UrbanToronto regularly brings you news of construction across the city, and the great majority of the buildings that we cover start with deep excavations. While developers of suburban sites where there is lots of space can go a simpler route and dig out sloped walls around their pit, most of the buildings going up here are on constrained sites and require sheer walls straight down into the city's substrate. Often dug to property lines—the pits normally require vertical retaining walls to safely hold back materials when digging multiple levels below grade.

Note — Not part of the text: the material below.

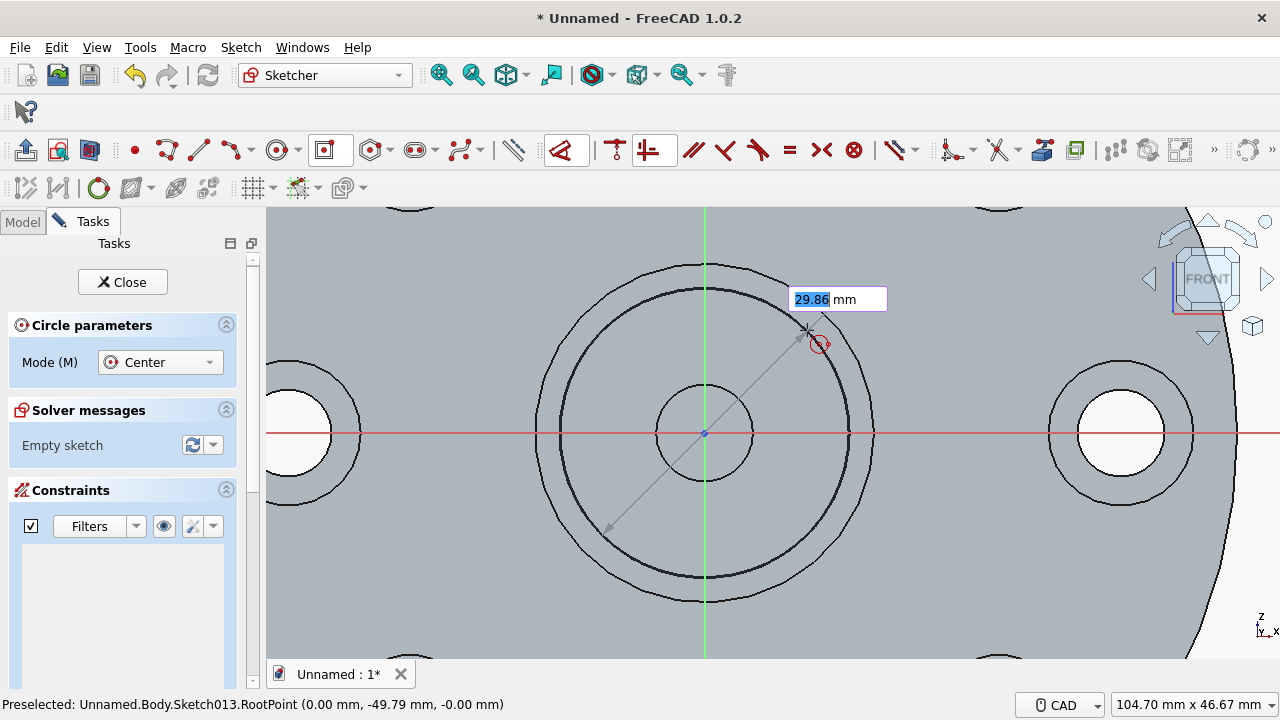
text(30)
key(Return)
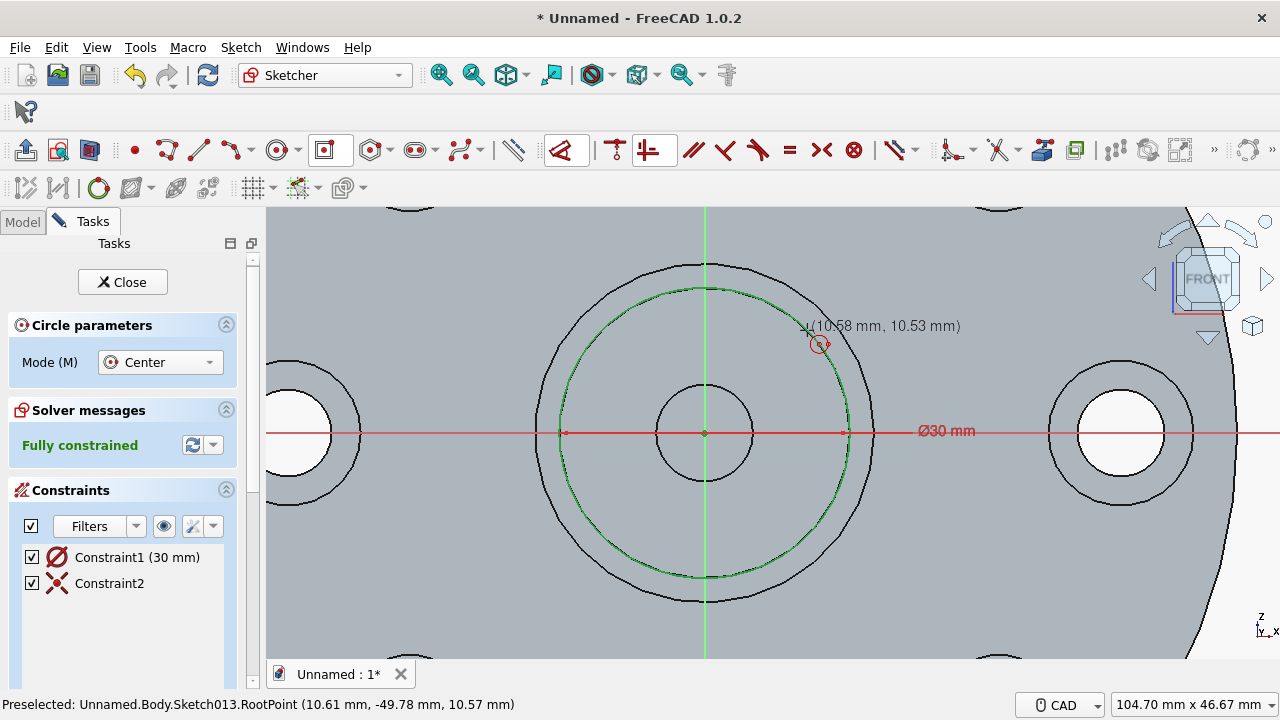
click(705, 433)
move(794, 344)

Two types of shoring systems are commonly used on Toronto sites; watertight caisson wall systems needed for sites with waterlogged soils, and the quicker and more cost-efficient pile and lagging systems for drier sites. Now, photographs from a number of Toronto construction sites with pile and lagging shoring walls—Artists' Alley859 The Queensway and Rush Condos—offer a close-up look at how this type of shoring wall is formed.

A shoring rig with its drill poised for another hole, image by UT Forum contributor Red Mars

The process begins with a cleared and graded site. With flat ground upon which they can work, drilling rigs drill a series of boreholes around the perimeter of the site, into which steel I beams known as soldier piles can then be lowered. As seen above at Artists' Alley, a shoring rig with a drill bit is ready to create another borehole, while soldier piles line the edge of the site to the right of the photo, and another two opt out of the earth in the foreground. In loose soils, the piles go deeper into the ground than the excavation will, and it's below the eventual floor level of the pit to which concrete will be poured to tightly secure the pile at the bottom of its borehole. If the excavation will go into the bedrock, in most cases the pile needs only to go deep enough to be secured into the bedrock.

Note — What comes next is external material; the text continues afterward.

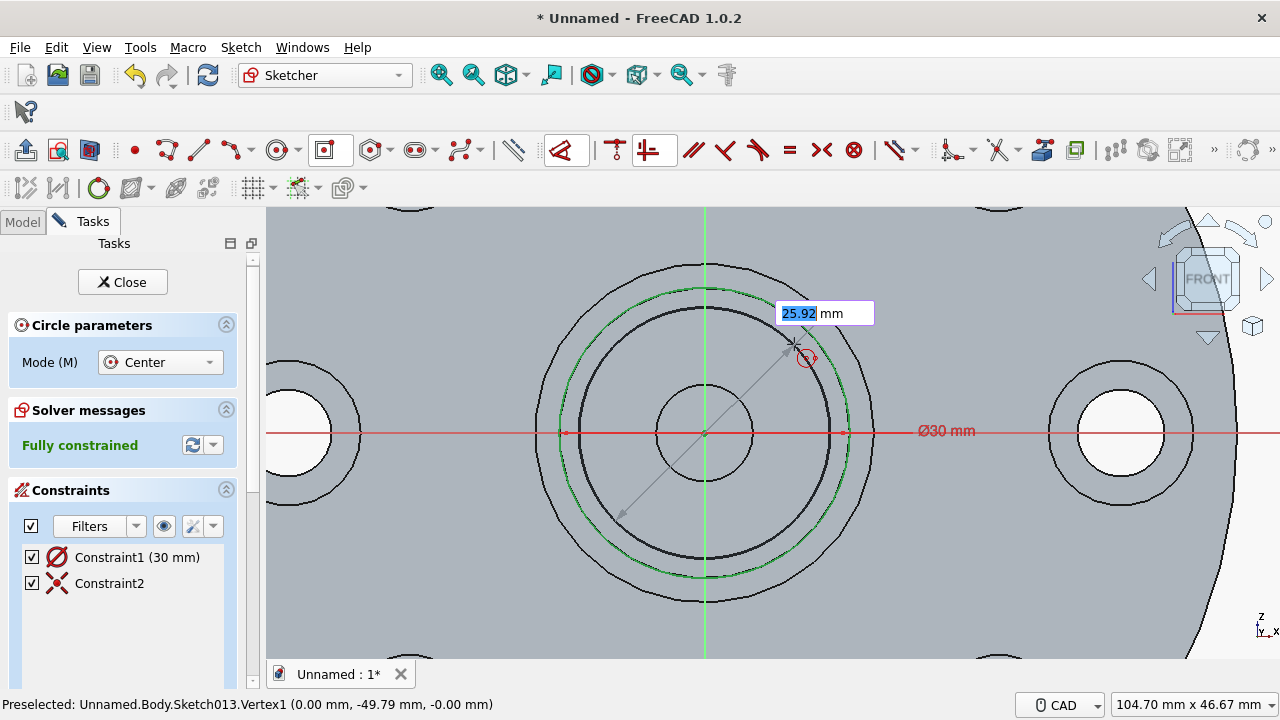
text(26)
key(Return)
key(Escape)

Looking across site of Rush Condos, image by Forum contributor Red Mars

Soldier piles act as vertical bracing against which timber lagging is slotted. The lagging limits the horizontal movement of the soil behind. At the Rush Condos site above, bundles of lagging have been delivered on flatbread trucks in anticipation of being slotted between the piles.

Looking across site of 859 The Queensway, image by Craig White

Once soldier piles are in, a couple metres worth of earth are excavated, exposing the soldier piles and freeing up space for the first rows of horizontal lagging. The timber is then positioned against the inner flange of the I-beams, section by section. Once placed, excavation work moves deeper to reveal more of the buried I-beams, priming the pit for the next row of lagging to be placed. The closer look into the excavation pit at 859 The Queensway shows this process in action: excavation recently progressed below sections of already-placed lagging, leaving a void below around the exposed soldier piles. One of the workers in this photo can be seen shovelling soil through the gap in the shoring wall to firm up the surrounding soil behind it. The gap will be sealed by placing a thinner piece of lagging into it, or forcing down the boards from above.

Pile and lagging wall at site of 859 The Queensway, image by Craig White

As the pit deepens, the process continues.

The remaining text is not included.